# Exercise objective
Restate word for word the entries below, starting at the line with "Do the same for the game" and ending at the line with "You are a vision". Keep both end lines and omit the pictures.
*** Information provided Section Begins ***
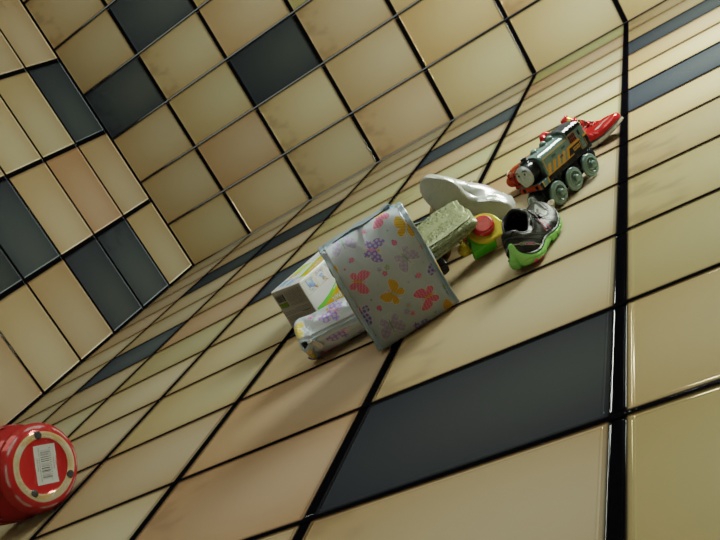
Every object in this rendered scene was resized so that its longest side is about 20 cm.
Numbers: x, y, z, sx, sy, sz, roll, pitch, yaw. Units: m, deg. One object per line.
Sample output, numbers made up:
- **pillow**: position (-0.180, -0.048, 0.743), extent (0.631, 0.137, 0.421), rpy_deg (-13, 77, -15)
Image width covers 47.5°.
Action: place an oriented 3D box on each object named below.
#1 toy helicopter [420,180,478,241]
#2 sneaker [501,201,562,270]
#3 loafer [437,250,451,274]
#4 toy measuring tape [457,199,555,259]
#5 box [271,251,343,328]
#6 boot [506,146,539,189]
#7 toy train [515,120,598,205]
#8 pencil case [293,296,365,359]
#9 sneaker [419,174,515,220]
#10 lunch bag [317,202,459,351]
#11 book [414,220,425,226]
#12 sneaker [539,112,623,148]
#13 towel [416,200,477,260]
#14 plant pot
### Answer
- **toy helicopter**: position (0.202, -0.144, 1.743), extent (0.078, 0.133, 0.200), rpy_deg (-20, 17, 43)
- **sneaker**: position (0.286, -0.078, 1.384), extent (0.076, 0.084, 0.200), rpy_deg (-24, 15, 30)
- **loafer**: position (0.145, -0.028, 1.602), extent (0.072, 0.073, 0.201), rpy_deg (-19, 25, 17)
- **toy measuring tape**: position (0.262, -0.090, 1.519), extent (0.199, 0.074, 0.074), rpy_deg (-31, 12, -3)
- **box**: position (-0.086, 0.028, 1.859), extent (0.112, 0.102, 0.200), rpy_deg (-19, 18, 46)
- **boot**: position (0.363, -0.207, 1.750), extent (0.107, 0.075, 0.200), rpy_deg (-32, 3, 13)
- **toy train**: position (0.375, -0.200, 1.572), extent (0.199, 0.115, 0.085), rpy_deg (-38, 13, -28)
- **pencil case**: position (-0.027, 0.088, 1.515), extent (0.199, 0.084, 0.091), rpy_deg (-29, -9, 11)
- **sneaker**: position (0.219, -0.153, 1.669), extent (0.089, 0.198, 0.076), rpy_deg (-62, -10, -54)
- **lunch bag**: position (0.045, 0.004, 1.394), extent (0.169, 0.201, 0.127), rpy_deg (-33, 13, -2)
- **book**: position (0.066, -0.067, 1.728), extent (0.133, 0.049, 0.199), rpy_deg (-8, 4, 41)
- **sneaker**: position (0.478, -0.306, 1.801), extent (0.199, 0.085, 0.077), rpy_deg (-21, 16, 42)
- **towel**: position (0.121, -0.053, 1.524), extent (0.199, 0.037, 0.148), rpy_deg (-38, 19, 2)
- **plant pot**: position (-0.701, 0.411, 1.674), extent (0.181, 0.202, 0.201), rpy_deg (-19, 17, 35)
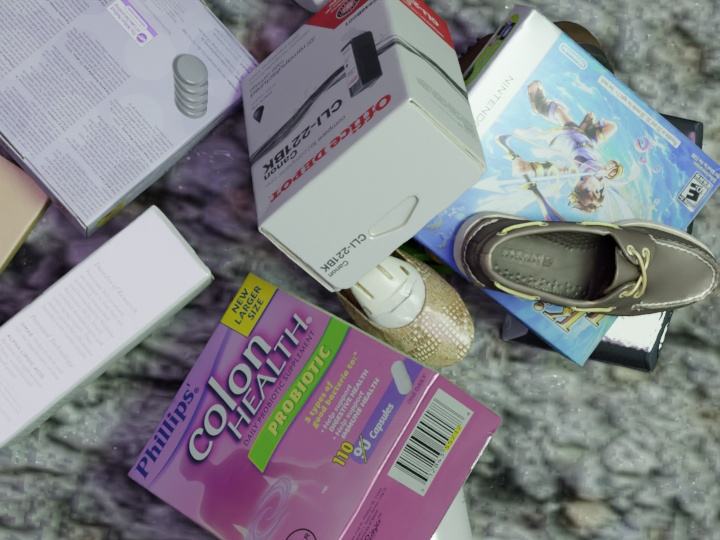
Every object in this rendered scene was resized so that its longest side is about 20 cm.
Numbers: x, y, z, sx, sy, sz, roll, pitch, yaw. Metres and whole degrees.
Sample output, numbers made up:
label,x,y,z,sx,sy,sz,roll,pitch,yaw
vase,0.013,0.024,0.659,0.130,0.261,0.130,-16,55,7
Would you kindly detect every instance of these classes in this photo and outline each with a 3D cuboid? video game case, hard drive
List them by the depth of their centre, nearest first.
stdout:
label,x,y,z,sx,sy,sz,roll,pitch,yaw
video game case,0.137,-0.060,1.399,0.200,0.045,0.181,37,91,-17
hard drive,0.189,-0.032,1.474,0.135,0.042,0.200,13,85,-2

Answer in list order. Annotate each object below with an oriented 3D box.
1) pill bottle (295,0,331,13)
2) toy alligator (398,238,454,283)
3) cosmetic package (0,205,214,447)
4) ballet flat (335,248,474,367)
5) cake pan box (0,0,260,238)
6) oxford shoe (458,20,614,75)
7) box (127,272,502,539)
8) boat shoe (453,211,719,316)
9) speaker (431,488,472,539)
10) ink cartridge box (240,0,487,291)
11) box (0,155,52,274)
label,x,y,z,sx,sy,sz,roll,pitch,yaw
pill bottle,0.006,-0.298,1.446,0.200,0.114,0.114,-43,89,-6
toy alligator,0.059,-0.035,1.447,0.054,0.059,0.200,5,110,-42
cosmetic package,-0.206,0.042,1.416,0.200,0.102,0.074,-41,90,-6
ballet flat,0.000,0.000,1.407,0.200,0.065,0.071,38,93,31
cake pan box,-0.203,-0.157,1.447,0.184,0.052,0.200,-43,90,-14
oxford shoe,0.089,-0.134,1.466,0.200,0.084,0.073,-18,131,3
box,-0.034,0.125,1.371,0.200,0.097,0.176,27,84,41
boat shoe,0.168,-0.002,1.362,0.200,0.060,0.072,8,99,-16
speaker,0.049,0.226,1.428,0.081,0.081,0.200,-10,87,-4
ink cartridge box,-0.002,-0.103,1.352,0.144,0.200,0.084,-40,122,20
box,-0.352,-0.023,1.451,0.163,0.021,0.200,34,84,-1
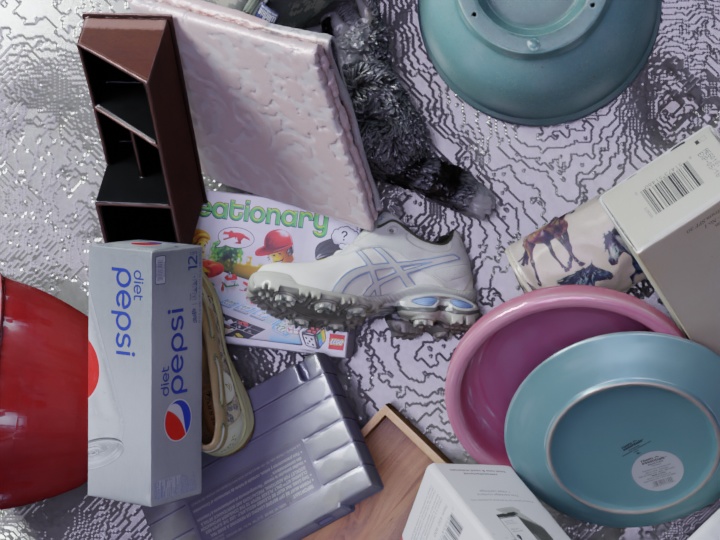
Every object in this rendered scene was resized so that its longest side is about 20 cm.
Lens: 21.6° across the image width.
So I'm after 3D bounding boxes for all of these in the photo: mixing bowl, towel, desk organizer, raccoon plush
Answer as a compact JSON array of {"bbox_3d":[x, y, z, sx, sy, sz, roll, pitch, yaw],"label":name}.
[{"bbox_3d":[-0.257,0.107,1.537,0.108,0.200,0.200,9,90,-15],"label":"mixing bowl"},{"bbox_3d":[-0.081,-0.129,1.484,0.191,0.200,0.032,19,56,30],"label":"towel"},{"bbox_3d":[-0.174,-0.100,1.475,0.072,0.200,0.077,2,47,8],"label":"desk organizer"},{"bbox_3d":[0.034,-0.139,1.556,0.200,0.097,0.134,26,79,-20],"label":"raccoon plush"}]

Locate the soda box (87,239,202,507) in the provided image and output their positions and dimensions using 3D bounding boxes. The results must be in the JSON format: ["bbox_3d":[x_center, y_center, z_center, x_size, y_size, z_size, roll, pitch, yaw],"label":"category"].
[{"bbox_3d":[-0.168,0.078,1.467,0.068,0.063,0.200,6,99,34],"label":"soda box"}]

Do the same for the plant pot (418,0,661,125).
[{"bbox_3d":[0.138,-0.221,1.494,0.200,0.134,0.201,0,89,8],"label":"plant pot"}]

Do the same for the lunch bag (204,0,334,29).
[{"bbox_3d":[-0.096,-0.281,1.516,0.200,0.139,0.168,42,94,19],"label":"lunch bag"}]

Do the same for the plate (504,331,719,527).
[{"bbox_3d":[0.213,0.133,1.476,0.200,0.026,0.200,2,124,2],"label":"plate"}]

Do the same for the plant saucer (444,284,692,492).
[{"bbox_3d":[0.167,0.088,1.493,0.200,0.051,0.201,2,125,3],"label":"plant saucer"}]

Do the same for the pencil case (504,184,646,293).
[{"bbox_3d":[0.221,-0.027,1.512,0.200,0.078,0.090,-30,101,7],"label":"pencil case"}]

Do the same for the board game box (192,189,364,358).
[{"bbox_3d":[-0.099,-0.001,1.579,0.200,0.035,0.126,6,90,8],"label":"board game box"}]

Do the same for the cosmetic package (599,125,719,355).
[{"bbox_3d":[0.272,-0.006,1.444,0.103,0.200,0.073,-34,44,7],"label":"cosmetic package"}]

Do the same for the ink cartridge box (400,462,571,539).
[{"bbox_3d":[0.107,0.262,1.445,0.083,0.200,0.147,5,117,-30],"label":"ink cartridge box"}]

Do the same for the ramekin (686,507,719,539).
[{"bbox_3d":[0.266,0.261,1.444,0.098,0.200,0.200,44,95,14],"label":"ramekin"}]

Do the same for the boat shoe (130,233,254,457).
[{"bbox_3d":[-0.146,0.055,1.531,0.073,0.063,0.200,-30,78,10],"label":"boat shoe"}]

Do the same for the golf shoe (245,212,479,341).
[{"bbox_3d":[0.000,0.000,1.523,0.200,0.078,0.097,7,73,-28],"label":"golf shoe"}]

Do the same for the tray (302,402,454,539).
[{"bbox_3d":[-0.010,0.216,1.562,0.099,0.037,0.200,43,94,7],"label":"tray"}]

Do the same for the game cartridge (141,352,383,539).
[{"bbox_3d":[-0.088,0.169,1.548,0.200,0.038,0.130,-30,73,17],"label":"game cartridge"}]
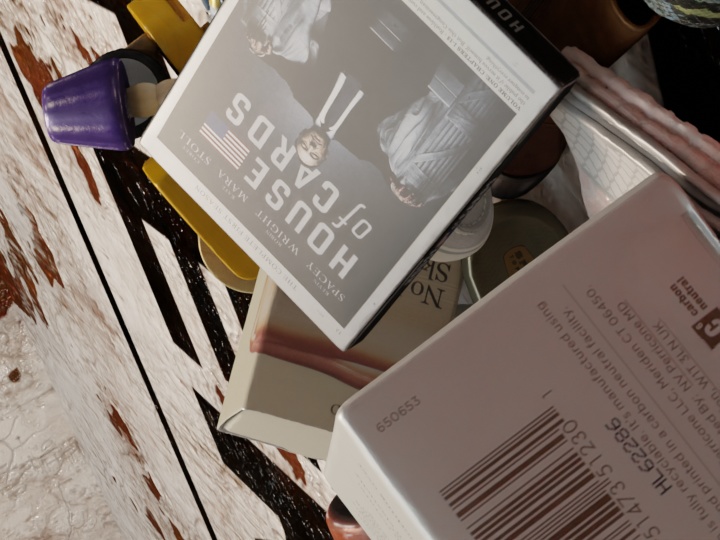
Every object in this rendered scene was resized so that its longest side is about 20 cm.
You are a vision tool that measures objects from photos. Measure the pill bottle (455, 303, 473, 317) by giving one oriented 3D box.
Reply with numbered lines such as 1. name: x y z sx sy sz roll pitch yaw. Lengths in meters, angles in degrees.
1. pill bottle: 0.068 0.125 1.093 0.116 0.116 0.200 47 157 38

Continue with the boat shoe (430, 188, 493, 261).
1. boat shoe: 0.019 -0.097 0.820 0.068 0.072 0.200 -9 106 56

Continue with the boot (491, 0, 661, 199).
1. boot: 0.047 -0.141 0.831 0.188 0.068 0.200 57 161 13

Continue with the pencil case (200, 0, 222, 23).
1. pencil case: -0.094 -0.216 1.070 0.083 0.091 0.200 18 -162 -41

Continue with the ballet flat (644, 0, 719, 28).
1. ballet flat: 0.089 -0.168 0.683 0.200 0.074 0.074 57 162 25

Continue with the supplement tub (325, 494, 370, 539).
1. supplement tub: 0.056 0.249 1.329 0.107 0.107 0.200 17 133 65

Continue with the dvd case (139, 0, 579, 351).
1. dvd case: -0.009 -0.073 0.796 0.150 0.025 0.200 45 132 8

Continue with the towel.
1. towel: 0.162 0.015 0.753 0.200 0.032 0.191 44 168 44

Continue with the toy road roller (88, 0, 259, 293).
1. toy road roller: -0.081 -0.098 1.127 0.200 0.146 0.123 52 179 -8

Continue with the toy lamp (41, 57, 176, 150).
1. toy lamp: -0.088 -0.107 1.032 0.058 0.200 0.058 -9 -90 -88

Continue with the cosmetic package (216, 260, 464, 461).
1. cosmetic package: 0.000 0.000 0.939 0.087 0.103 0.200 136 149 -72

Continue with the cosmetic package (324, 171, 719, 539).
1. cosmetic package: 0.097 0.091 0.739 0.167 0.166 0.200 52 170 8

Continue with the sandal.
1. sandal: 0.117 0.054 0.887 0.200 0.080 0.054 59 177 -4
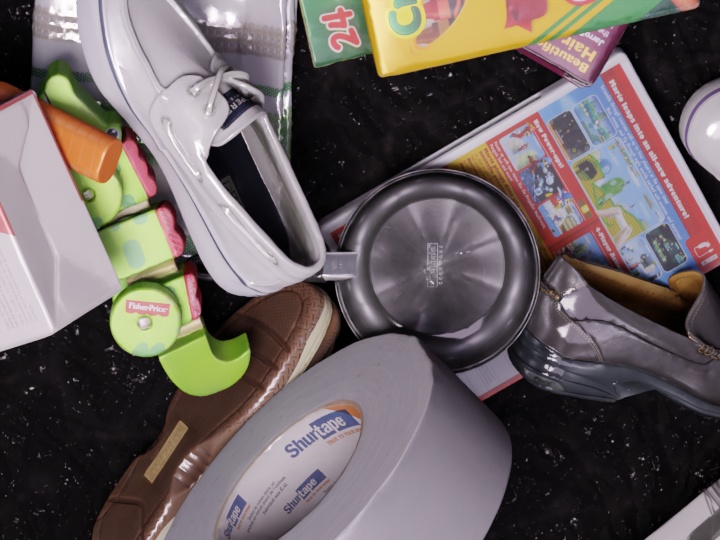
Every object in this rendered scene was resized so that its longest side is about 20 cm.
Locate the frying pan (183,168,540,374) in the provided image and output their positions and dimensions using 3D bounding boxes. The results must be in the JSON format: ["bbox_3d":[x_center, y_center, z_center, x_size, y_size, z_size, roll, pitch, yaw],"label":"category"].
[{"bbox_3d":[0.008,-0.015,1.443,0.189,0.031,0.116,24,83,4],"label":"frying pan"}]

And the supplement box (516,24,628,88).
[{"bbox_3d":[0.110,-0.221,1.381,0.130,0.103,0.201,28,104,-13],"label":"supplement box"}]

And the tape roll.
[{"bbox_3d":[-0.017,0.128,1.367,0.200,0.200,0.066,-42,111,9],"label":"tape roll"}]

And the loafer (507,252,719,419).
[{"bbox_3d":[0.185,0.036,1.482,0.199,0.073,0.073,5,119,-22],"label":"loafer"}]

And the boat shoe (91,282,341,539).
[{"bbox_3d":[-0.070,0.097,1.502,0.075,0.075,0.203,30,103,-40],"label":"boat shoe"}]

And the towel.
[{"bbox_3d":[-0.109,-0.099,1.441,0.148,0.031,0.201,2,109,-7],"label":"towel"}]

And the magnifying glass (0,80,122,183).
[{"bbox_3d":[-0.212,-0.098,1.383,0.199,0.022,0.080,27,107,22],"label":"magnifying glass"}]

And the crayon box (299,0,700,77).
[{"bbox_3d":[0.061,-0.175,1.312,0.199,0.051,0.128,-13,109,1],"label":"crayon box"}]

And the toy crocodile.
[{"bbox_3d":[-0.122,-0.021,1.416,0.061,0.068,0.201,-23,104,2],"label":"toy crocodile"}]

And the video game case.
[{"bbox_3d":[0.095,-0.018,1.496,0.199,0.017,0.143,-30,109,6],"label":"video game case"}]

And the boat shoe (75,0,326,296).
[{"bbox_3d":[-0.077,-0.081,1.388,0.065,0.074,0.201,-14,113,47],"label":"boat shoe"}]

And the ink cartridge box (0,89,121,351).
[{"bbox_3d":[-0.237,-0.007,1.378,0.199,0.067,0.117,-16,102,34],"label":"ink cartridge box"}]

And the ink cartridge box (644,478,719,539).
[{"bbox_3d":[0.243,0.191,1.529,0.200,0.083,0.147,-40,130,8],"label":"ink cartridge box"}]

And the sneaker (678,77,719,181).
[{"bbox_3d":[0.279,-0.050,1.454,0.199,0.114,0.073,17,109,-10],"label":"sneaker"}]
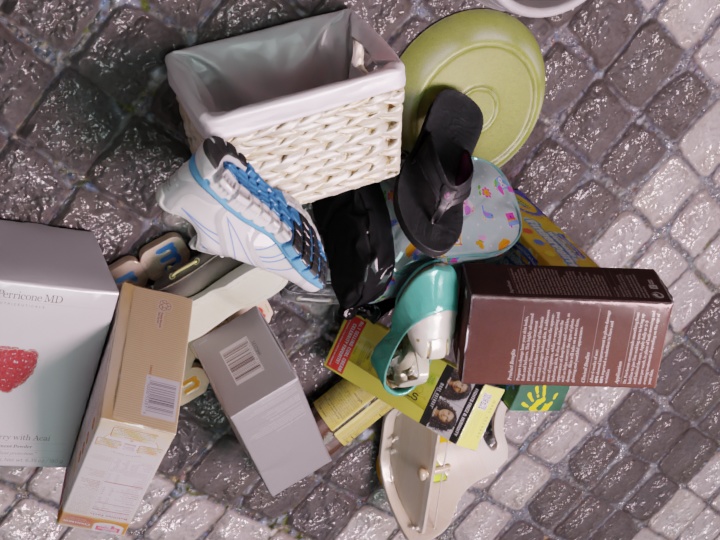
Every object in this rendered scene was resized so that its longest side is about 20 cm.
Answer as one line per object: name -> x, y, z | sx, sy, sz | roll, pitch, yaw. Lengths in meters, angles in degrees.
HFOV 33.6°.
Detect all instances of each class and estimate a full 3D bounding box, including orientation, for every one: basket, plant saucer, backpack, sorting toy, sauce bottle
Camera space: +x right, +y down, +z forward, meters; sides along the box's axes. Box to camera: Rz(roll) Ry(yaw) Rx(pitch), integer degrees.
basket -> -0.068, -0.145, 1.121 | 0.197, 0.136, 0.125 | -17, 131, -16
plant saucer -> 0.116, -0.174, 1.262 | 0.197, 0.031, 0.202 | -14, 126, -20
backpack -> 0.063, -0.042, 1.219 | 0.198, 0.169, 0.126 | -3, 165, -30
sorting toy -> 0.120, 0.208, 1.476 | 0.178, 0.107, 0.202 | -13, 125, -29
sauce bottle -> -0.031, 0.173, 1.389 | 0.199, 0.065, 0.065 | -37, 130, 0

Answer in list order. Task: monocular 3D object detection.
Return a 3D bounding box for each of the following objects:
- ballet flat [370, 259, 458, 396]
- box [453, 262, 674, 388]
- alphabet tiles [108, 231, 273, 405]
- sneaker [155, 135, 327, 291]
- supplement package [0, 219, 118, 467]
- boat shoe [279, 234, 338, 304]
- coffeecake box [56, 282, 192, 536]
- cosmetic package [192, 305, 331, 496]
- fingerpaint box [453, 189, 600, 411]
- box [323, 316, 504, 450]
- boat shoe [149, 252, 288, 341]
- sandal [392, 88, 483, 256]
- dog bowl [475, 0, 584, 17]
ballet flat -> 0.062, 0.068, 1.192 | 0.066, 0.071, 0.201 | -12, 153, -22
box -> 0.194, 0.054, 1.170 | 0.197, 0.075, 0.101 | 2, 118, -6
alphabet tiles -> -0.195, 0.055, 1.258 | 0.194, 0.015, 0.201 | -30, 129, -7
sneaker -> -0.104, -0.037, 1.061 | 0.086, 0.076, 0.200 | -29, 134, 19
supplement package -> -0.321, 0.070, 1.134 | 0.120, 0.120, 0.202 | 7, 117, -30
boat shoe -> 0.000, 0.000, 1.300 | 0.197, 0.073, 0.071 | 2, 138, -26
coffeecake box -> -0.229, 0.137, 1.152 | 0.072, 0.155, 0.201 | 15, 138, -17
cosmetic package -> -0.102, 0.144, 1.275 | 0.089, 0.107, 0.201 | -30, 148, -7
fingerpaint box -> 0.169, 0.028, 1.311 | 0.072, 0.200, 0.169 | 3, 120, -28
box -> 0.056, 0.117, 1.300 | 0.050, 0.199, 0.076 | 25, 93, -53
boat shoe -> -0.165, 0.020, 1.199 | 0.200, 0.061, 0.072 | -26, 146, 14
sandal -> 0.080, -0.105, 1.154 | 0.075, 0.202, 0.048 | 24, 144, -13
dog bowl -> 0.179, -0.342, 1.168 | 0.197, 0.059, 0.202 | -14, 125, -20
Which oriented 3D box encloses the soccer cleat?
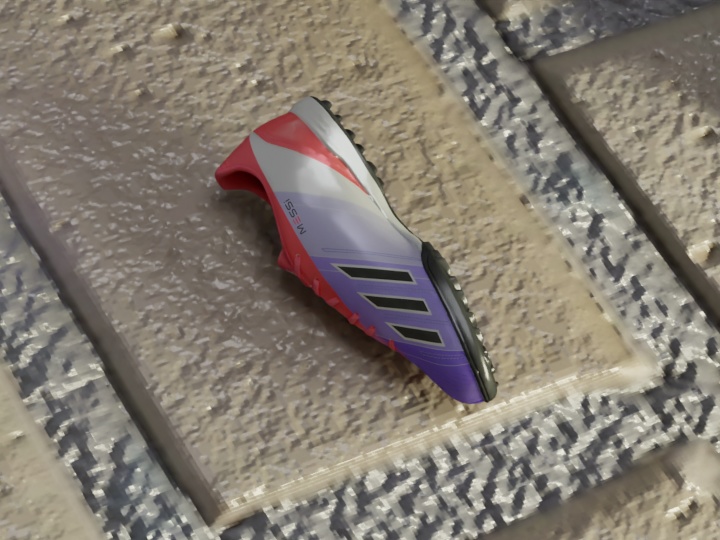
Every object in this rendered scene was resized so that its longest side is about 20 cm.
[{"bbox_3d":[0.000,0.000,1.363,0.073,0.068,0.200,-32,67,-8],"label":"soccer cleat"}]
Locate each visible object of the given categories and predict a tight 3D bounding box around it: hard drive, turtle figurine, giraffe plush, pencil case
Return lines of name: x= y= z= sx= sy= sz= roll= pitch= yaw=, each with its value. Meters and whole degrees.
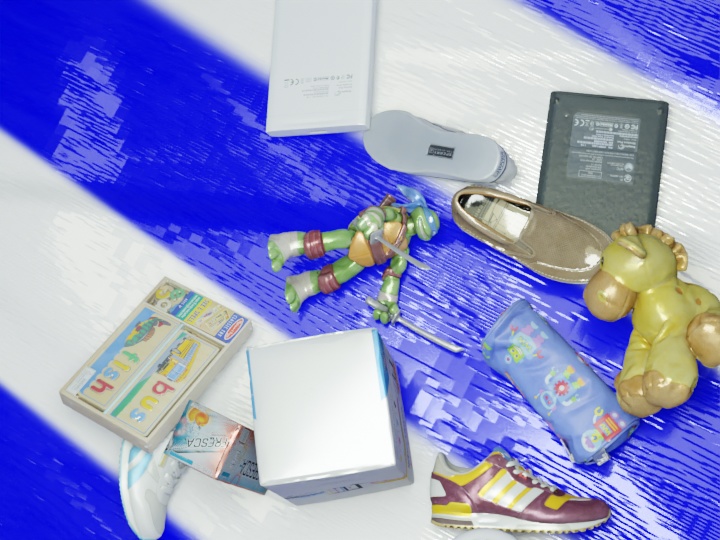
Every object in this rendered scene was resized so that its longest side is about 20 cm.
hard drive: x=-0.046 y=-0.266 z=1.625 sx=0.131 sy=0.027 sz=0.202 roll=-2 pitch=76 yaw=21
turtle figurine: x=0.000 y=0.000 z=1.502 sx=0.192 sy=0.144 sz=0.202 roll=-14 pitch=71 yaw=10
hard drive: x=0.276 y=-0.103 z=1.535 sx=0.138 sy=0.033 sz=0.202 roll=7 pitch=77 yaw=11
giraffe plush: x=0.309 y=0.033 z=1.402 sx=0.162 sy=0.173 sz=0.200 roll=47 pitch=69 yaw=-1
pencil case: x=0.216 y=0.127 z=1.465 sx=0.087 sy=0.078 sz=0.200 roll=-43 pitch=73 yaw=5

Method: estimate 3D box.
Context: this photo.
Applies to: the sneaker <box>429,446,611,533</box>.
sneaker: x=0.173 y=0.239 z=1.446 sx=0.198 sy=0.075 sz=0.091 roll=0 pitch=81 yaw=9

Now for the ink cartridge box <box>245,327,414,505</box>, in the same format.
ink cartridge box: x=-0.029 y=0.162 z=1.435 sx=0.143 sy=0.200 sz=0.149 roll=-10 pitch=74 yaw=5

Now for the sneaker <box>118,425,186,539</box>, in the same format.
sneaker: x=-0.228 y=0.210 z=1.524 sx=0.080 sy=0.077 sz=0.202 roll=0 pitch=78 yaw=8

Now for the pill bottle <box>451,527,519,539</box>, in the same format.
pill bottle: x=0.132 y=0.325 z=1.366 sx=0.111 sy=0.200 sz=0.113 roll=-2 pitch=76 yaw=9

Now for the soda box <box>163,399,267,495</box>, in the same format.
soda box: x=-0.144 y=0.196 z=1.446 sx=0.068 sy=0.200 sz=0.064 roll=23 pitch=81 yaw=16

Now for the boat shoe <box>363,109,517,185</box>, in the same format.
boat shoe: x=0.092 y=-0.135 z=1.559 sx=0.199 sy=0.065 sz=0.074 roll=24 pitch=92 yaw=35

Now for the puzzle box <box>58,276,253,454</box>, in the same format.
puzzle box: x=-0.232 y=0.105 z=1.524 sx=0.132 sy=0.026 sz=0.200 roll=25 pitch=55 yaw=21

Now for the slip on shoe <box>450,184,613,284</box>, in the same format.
*** Information provided Section Ends ***
# Solution to the exercise
Do the same for the game cartridge (141,352,383,539).
[{"bbox_3d":[-0.088,0.169,1.548,0.200,0.038,0.130,-30,73,17],"label":"game cartridge"}]
Every object in this rendered scene was resized so that its longest side is about 20 cm.
You are a vision tool that measures objects from photos. Measure the pill bottle (455, 303, 473, 317) by giving one oriented 3D box.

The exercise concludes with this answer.